Try decreasing the workspace size with IBuilderConfig::setMemoryPoolLimit().                                     
[02/15/2023-06:20:08] [E] Error[1]: [convolutionRunner.cpp::executeConv::465] Error Code 1: Cudnn (CUDNN_STATUS_$
LLOC_FAILED)                                                                                                     
[02/15/2023-06:20:08] [E] Error[2]: [builder.cpp::buildSerializedNetwork::751] Error Code 2: Internal Error (Ass$
rtion engine != nullptr failed. )                                                                                
[02/15/2023-06:20:08] [E] Engine could not be created from network                                               
[02/15/2023-06:20:08] [E] Building engine failed                                                                 
[02/15/2023-06:20:08] [E] Failed to create engine from model or file.                                            
[02/15/2023-06:20:08] [E] Engine set up failed 

Except chaning a GPU with larger RAM, what can I do to deal with this condition?

Environment

nvidia docker container 22.12

Could you please share with us the trtexec command used and complete verbose logs for better debugging.

Here is the terminal log output:

https://cloud.tsinghua.edu.cn/f/891f5f2b1d9d47a481d7/?dl=1

And some info shown in terminal:

[02/15/2023-10:12:35] [W] [TRT] Skipping tactic 0x0000000000000000 due to Myelin error: autotuning: CUDA error 2 allocating 2148533757-byte buffer: out of memory
[02/15/2023-10:12:36] [E] Error[10]: [optimizer.cpp::computeCosts::3728] Error Code 10: Internal Error (Could
not find any implementation for node {ForeignNode[onnx::MatMul_15569 + (Unnamed Layer* 5865) [Shuffle].../output_blocks.5/output_blocks.5.1/transformer_blocks.0/Reshape_6 + /output_blocks.5/output_blocks.5.1/transformer_blocks.0/Transpose_3 + /output_blocks.5/output_blocks.5.1/transformer_blocks.0/Reshape_7]}.)
[02/15/2023-10:12:36] [E] Error[2]: [builder.cpp::buildSerializedNetwork::751] Error Code 2: Internal Error (Assertion engine != nullptr failed. )
[02/15/2023-10:12:36] [E] Engine could not be created from network
[02/15/2023-10:12:36] [E] Building engine failed
[02/15/2023-10:12:36] [E] Failed to create engine from model or file.
[02/15/2023-10:12:36] [E] Engine set up failed

Hope it helps.

Please ensure that GPU memory is available and no other applications using complete GPU memory.

I can ensure that GPU memory is available and empty before running trtexec.

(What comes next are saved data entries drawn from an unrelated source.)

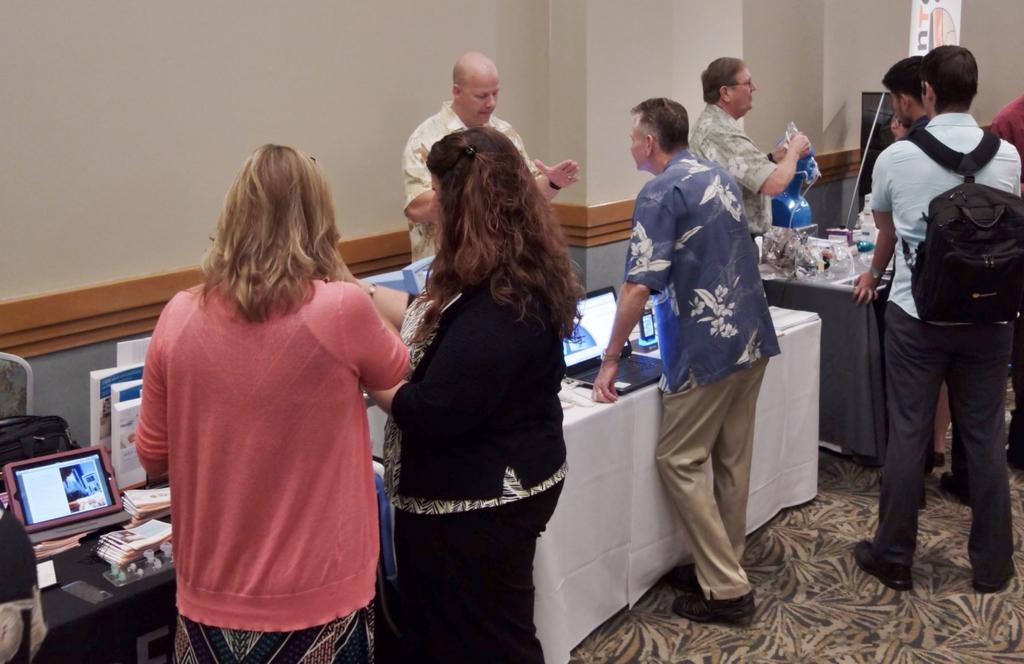Please provide a concise description of this image. In the image in the center we can see few people were standing around table. On table,we can see cloth,laptops,papers,phone and few other objects. In the background we can see wall,banner,chair,tap,books and few other objects. 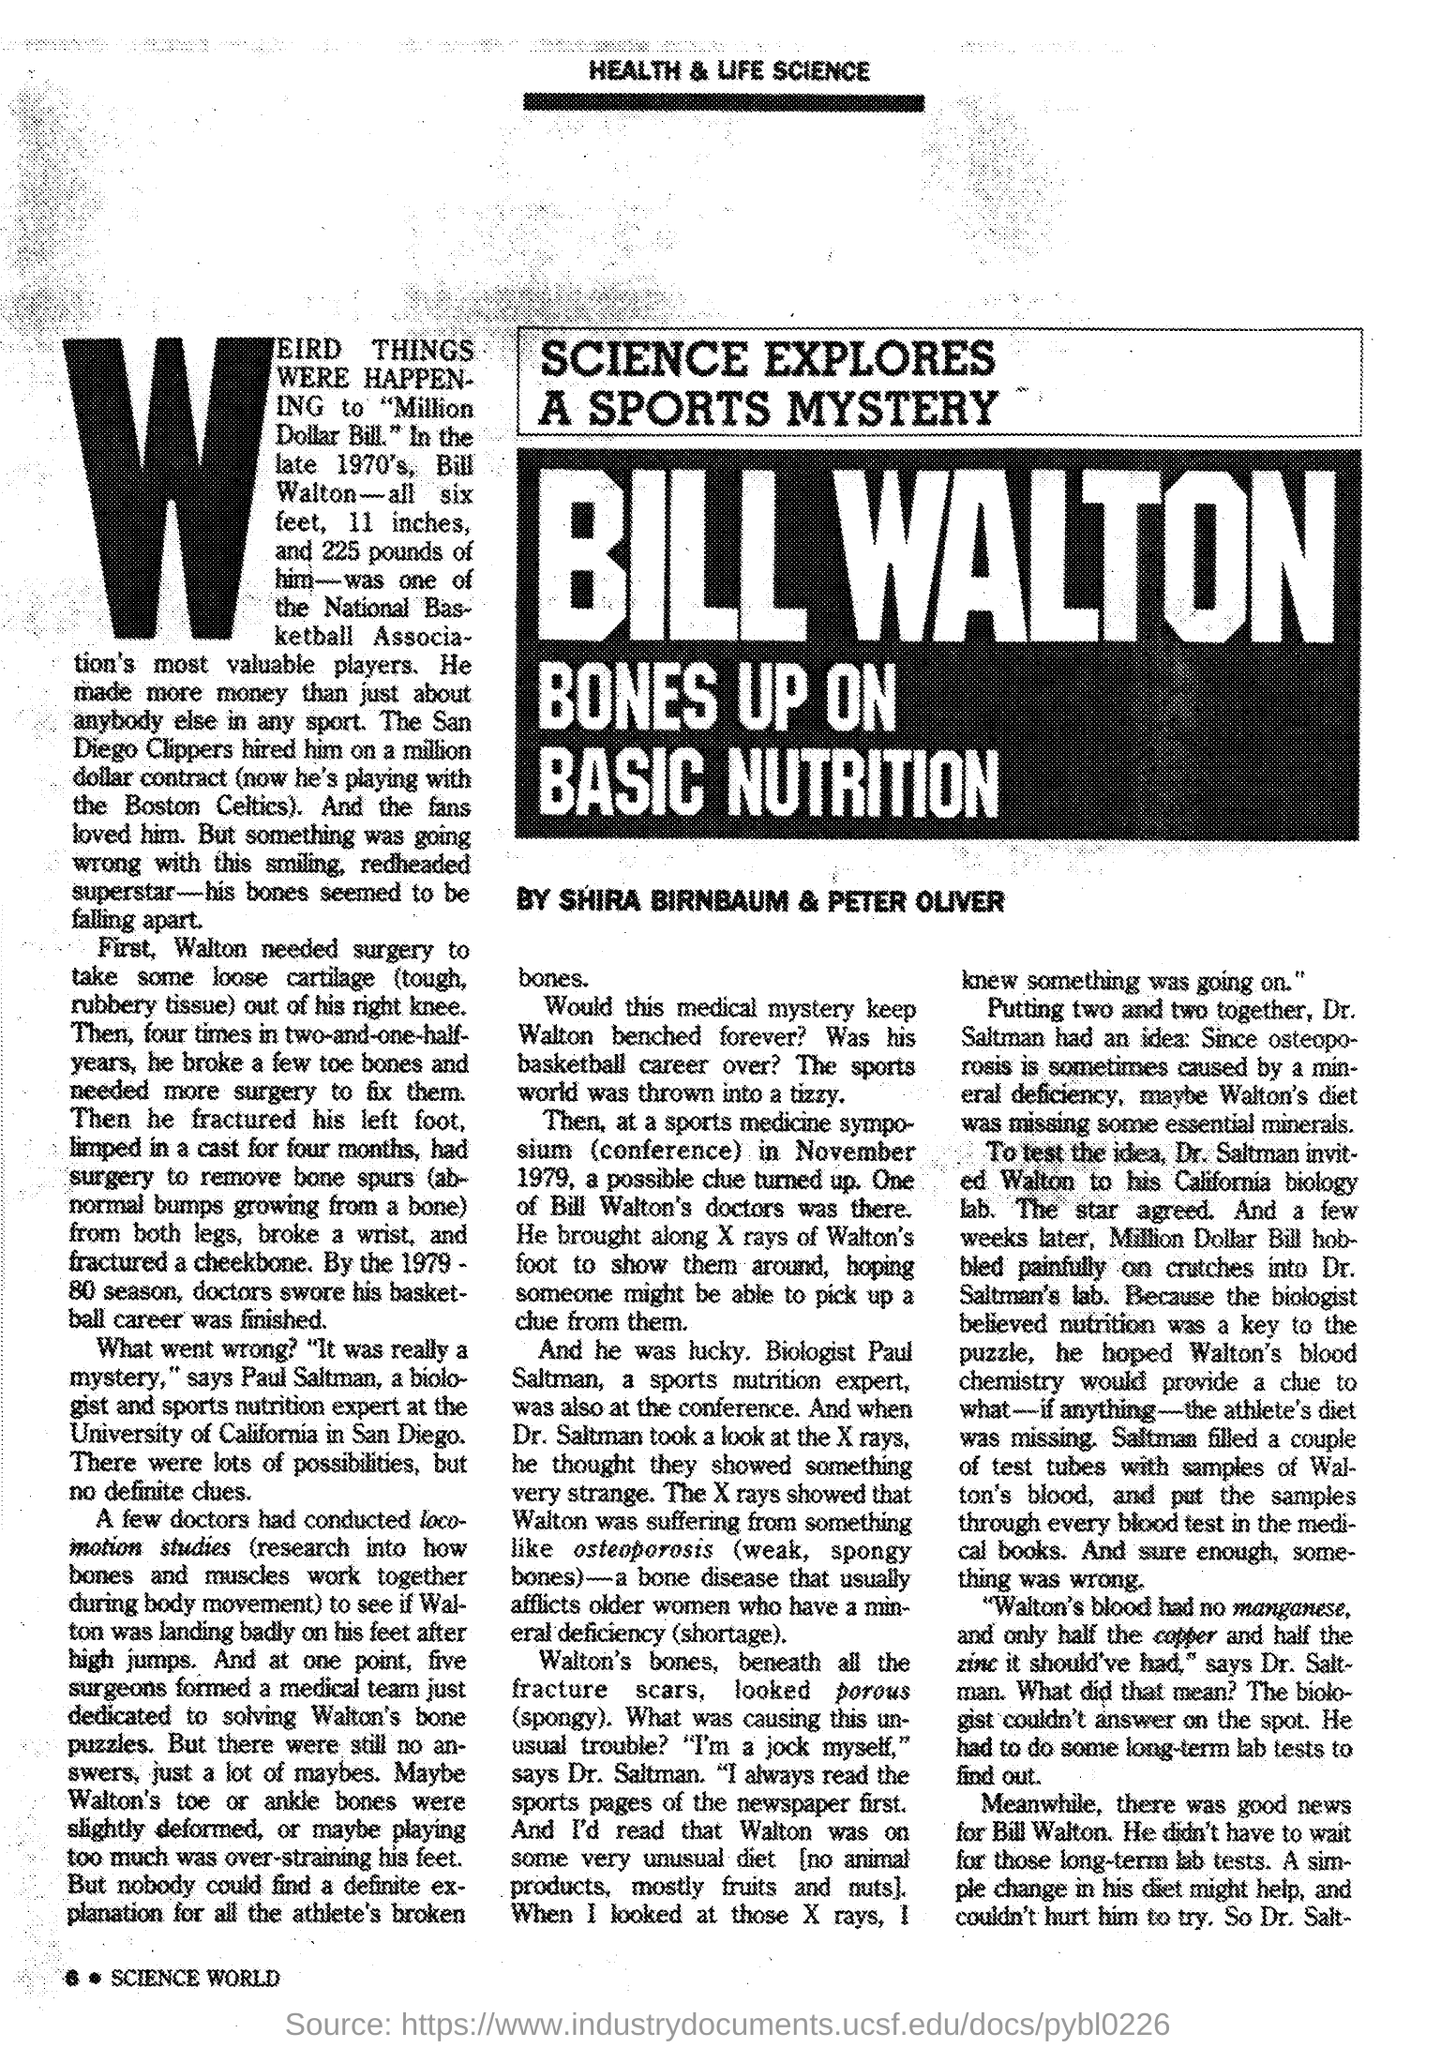What is the Page Number?
Provide a succinct answer. 6. Which person submitted the report?
Your response must be concise. Shira Birnbaum & Peter Oliver. 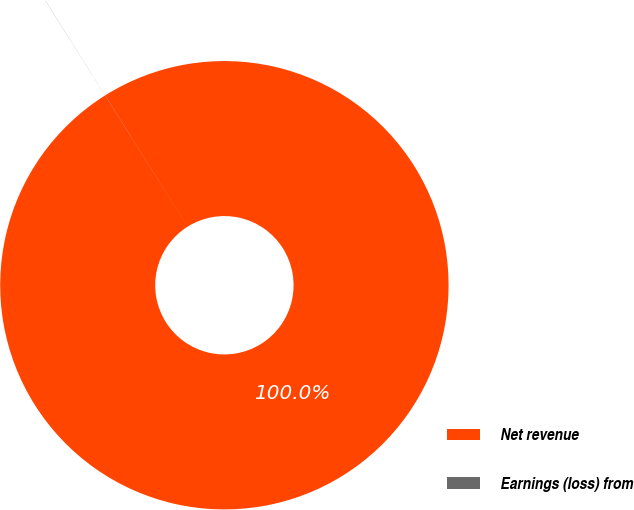<chart> <loc_0><loc_0><loc_500><loc_500><pie_chart><fcel>Net revenue<fcel>Earnings (loss) from<nl><fcel>99.99%<fcel>0.01%<nl></chart>

However, the error is still raised. I run with a 24G RTX 3090.

Please share with us the ONNX model for better debugging.

Thank you.

Here is the onnx file: https://cloud.tsinghua.edu.cn/f/4f0a921584564e45be6d/?dl=1

Sorry for the delay, the network is too slow and the model is large.

Hi,

We are unable to reproduce the error, and the model looks fine. But the model is huge.
As below warning indicates, for some reason TensorRT is unable to allocate required memory. Please make sure enough GPU memory is available (make sure you’re marking GPUs are visible in the container).

Also, please try passing higher memory using trtexec --workspace= option.
And you can also try decreasing the batch size.

Thank you.

Do you mean trtexec can run with multiple gpus? I have made only one gpu visible for trtexec. Is this the reason?

Yes, TensorRT can run on multiple GPUs.
Please make more GPU memory available for the TensorRT container and try again.

I tried, but trtexec only use one gpu even if multiple gpus available.